I give you complete code for setting up the MatConvNet library, reading data, normalizing data, defining neural network structure, training neural network, and, finally, applying it to the test data. The main file is "p1.m". Before running "p1.m", in file "setup.m" change to the correct location the directories for the MatConvNet library and the data.
When you run "p1.m", it outputs:
The plots are useful to understand whether you underfit/overfit to the training data.
What to do for this problem:
Open file "initializeCNN.m". This file initializes the structure of convNet. There are two stages, each stage consists of a convolutional layer, ReLu layer (linear rectification), spatial normalization layer, and a pooling layer. After two stages, there is a fully connected layer and finally the softmax layer.
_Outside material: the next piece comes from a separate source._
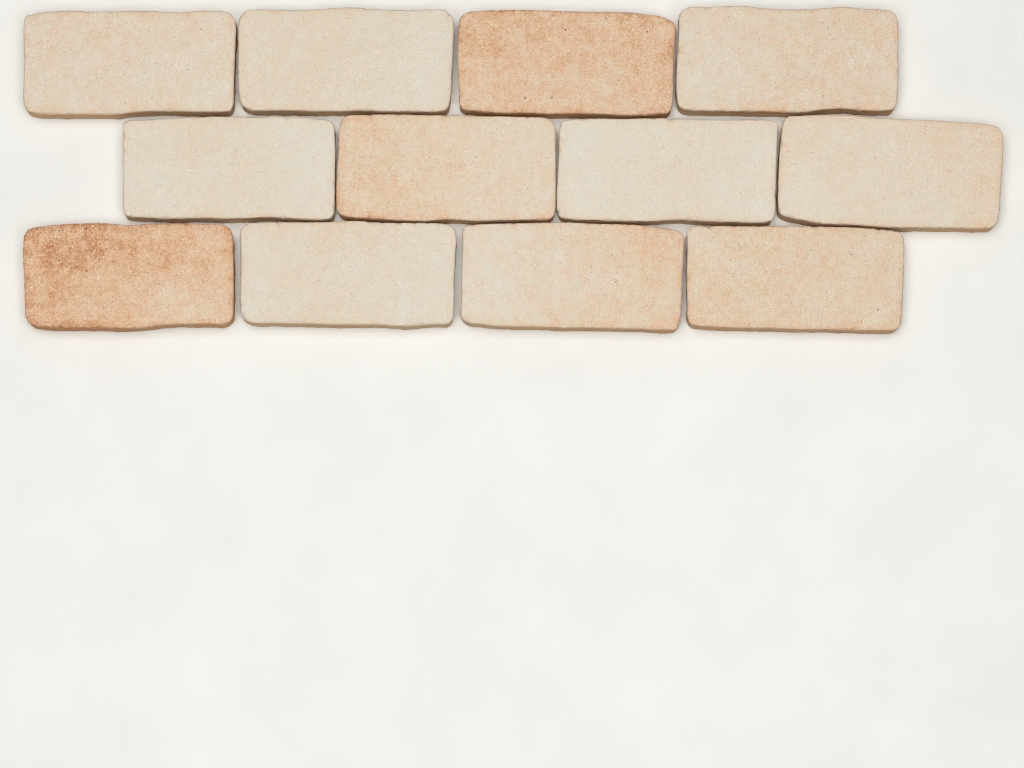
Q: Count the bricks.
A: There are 12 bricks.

Try to get a better performance by experimenting with the network structure. You can change the number of layers (add/remove), change filter size, etc. In order to get a consistent network, notice the following:
Ideally, DNN should be trained on a large amount of data. Our dataset is quite small. In this problem, you will experiment with increasing the training data by a factor of 10. For each training image of size R x C, take 4 different random subcrops of size, say, (R-M) x (C-M) where M is a fraction of image width (for example, M = (1/8)*C). This gives you five images in total. Also flip them left to right (fliplr in matlab). You get 10 images. They should be resized to the size expected by our network, namely 200 by 200. This increases the amount of training data tenfold. Choose the best performing network from Problem 1 and 2, and retrain it on this larger dataset. Report the energy/training error/validation error plots as well as the test error. Compare with training on a smaller dataset.
In order to do this problem, you will need to add code to matlab script readDataForCNN.m. This script creates a dataset of images to be used for training and validation, namely, imdb.images.data (size 200 x 200 x 3 x 800). There are 800 images, and each of size 200 x 200 x 3. In addition, it creates imdb.images.labels (size 1 x 800) that stores the labels (correct classes, their range is 1, 2,...,10) for imdb.images.data. It also creates imdb.images.set (size 1 x 800) that stores "1" for a sample to be used for training, and "2" for a sample to be used for validation.
The new versions of imdb.images.data, imdb.images.label, imdb.images.set should be ten times larger in the forth dimention, which corresponds to the number of training samples. That is the new imdb.images.data should be of size 200 x 200 x 3 x 8000, the new imdb.images.labels of size 1 x 8000 and the new imdb.images.set of size 1 x 8000.
When you create a new image, its "label" and set "values" should remain the same as that for the original image. To avoid confusion, let me call the old dataset imdb_Old, and the new one imdb. Suppose you are creating a new images from sampe number 20 in the old dataset. Suppose the index of this sample in the new dataset is 200. Then you should set: imdb.data.set(200) = imdb_Old.data.set(20) and imdb.data.labels(200) = imdb_Old.data.labels(20).
The requirement that the label set set is obvious, the new image should be of the same class as the image it was derived from. The requirement on the validation set ensures that if the original image was validation, all the resulting images are also validation images. This ensures that the validation images are not that too similar to training images, otherwise, our validation error would be too optimistic.
Deep neural networks have to be trained on large amounts of data. We do not have nearly enough data. However, we can use a network trained on a massive amount of data, but for a different task. Recall that a neural network can be viewed as learning features. Visual features learned for one recognition task are likely to be useful for another task. In this problem, we will take a network trained for the imageNet competition (1000 classes), extract features, and use them for our task.